Many companies use NIS to distribute authentication data
(username/password, group, etc) along with automount maps to make
networks of servers all authenticate and mount shared NFS drives
uniformly. I’ve built hundreds of these networks, often mixing linux,
solaris, bsd, and usually a few windows systems. I recently was asked to
set up a Mac XServe box on a network of Linux and Solaris machines, and
integrate it to work alongside them. At first this was a bit baffling,
and there was really very little useful info on the net for how to do
this, but I eventually figured it out and it wasn’t that hard in the
end. I have very little recent Mac experience so maybe someone more
familiar with the Mac would have found this to be simple but I suspect
there are really very few people around with recent Mac server
experience outside of Apple itself.
The goal in this project was two-fold:
- Make the Mac X-Serve box authenticate users against either NIS or Active Directory (NIS preferred).
- Get automount to work using the NIS automount maps such that all the
NFS shares are available, including per-user home directories, matching
all the other machines on the network.
I did this on an Apple X-Serve box running Mac OS-X Server 10.5.6
patched up to date as of today. Networking was already set up, using
DHCP for IP address, default route, and DNS settings. I also distribute
the NIS domain name and server and NTP servers via DHCP but it appears
the Mac ignores those settings.
First, set up a NIS binding:
In the Mac GUI, Finder, Applications, Utilities, open the “Directory Utility”
- Click the lock to unlock
- Services tab, click “BSD Flat File and NIS” and click the pencil to edit the settings
- Enter the NIS domain name and servers (server hostname ok if DNS is
in use, or put in the IP addresses if you’re using NIS for hostname
- Check the “Use NIS domain for authentication” box.
- Search Policy tab, Authentication
- Set “Search:” to “Custom Path”
- Drag the “BSD/<domain>” item up as high as it’ll stick
- Apply everything and click the Lock when you’re done.
sets up and starts the NIS client (and appears to make it start at boot
correctly). It also appears to set up the equivalent of nsswitch.conf
to do the right things, although I wasn’t able to find the actual config
file to confirm this. At this point from a root shell you should be
able to ‘ypwhich’ and see that it found your NIS server. You can test a
map lookup, for example ‘ypmatch jeff passwd’ should produce the
Second, to set up Automount:
If you’re using automount maps you’ll probably have to edit some
files in the filesystem to make them work right. The Mac appears to use
Solaris/BSD style automount maps by default (auto_home, auto_master
etc.) so if you have a Linux infrastructure (auto.home, auto.master
etc.) then you have to edit /etc/auto_master on the Mac to fix it. This
may be as easy as changing the “+auto_master” to “+auto.master” and
deleting the rest of the lines in the file. This will take auto.master
from NIS and all it’s child maps get linked in from there. Make the
auto_master file do the right thing based on your network setup,
probably just copy one from another machine if yours is more complex or
if you don’t distribute auto.master via NIS.

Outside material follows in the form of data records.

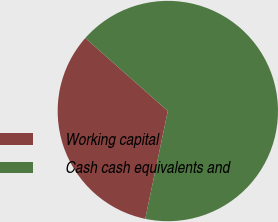Convert chart to OTSL. <chart><loc_0><loc_0><loc_500><loc_500><pie_chart><fcel>Working capital<fcel>Cash cash equivalents and<nl><fcel>33.24%<fcel>66.76%<nl></chart> 
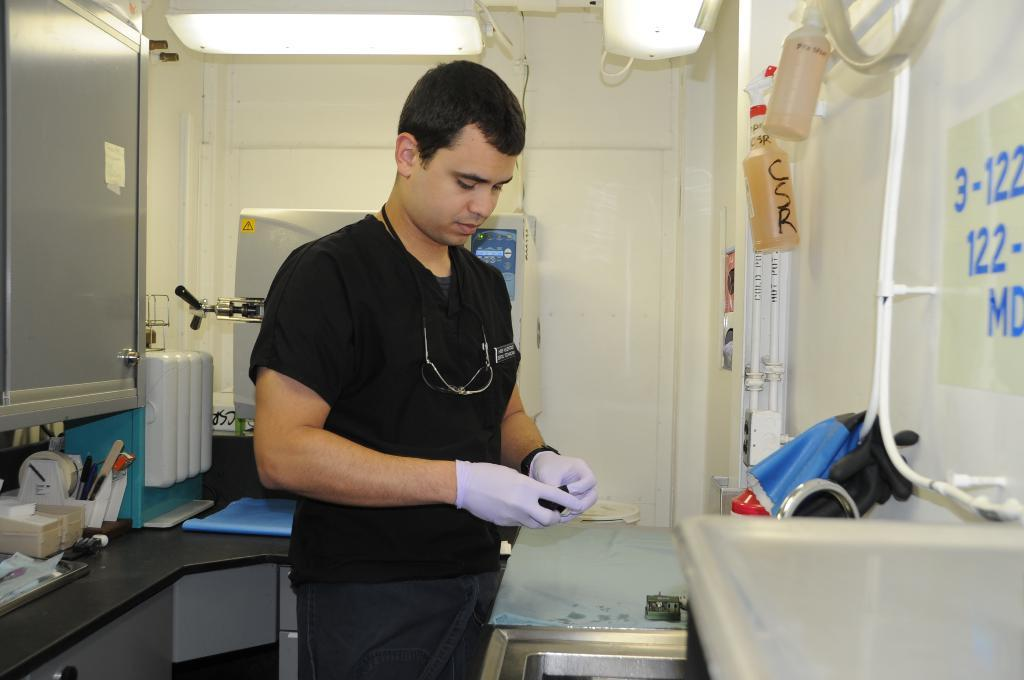What is the main subject of the image? There is a person standing in the image. What else can be seen in the image besides the person? There are objects on a table in the image. What is visible at the top of the image? There are lights visible at the top of the image. What type of nut is being cracked by the sun in the image? There is no nut or sun present in the image. Is the girl in the image playing with a toy? A: There is no girl or toy mentioned in the provided facts about the image. 
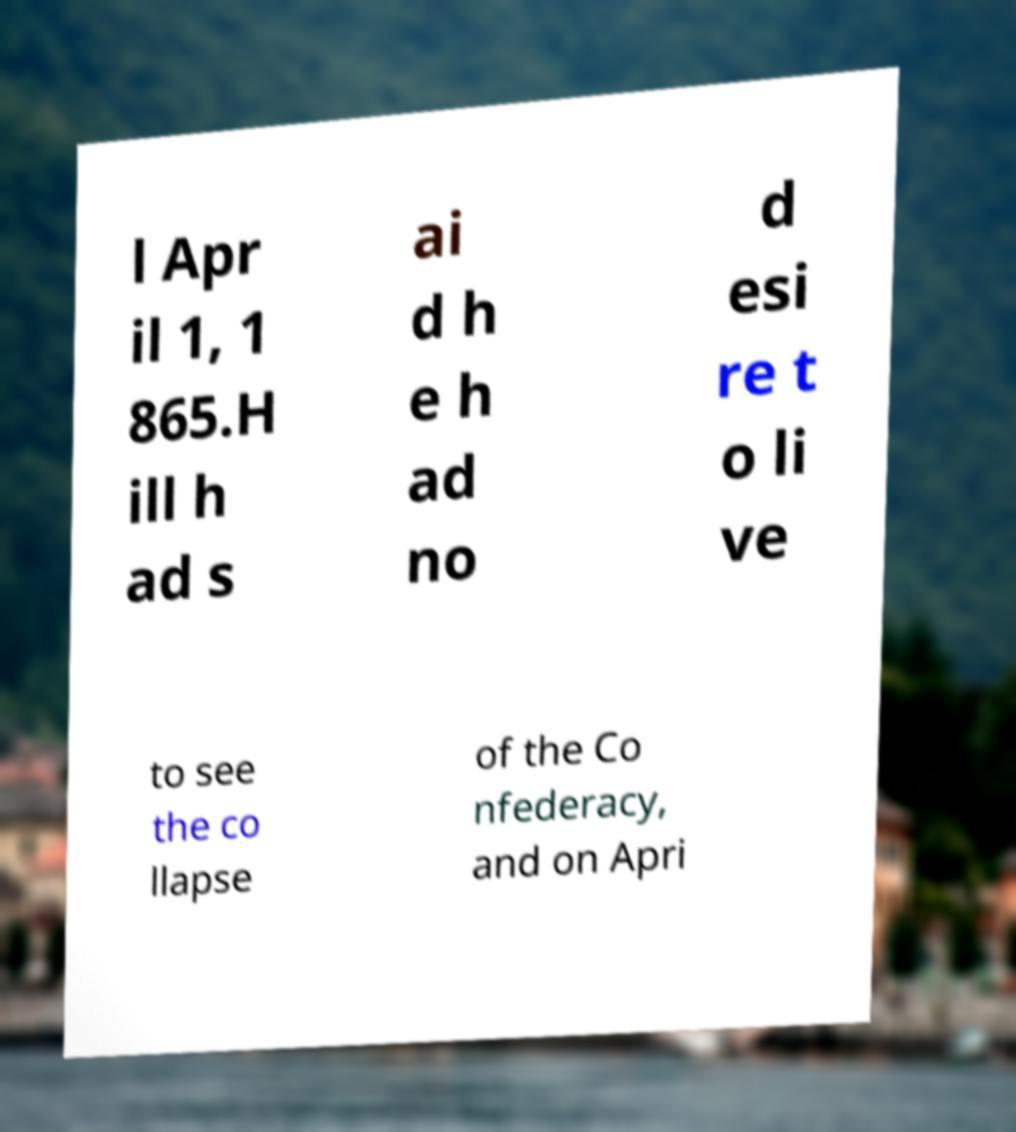There's text embedded in this image that I need extracted. Can you transcribe it verbatim? l Apr il 1, 1 865.H ill h ad s ai d h e h ad no d esi re t o li ve to see the co llapse of the Co nfederacy, and on Apri

Most NFS servers require mount requests to come from “secure” ports
(ports <1024) but it appears the Mac NFS client does not adhere to
this by default. So, to fix this edit /etc/autofs.conf and add
“resvport” to the options line:
Note you have to be root to edit that file. If you’re logged in as an
admin user you can “su” or “sudo /bin/sh” to get a real root shell.
You can probably just send a HUP to automountd to make it re-read the
conf file, but I rebooted the machine just to be sure everything came
up correctly after all these changes.
Once rebooted, you should be able to see the automounted directories.
For example, if you have an auto.home map with entries for each user
you should see /home be taken over by automount:
sh-3.2# df -h /home
Filesystem Size Used Avail Capacity Mounted on
map auto.home 0Bi 0Bi 0Bi 100% /home
and a user’s home dir should be mounted:
sh-3.2# df -h /home/jeff
Filesystem Size Used Avail Capacity Mounted on
homer:/disk/d2/home/jeff 2.7Ti 2.1Ti 299Gi 88% /home/jeff
can also statically mount NFS drives, there is a tool in the Directory
Services Utility to do it, just be sure to include the “resvport” option
(-P in some systems) if your nfs server requires it (most do).
It appears that the mac NIS config doesn’t know about netgroups, or
at least I couldn’t get sudo to work right using the netgroup-based
rules I use on all the other systems. The system does see the map (ypcat
on the map name does work for example) however either the OS doesn’t
know about netgroup maps or whatever it uses as the equivalent of
nsswitch.conf doesn’t get set up correctly to include NIS in the
netgroup lookups. I use netgroups heavily with sudo, so I had to juggle
things a bit to use groups instead of netgroups for this host. Luckily
this is the only Mac on the network so that wasn’t a big deal.
The bottom line… the Mac X-Serve does work as a NIS client, user
authentication and groups do work, as do automount via NIS automount
maps. However it appears that NIS netgroups do not work on the Mac.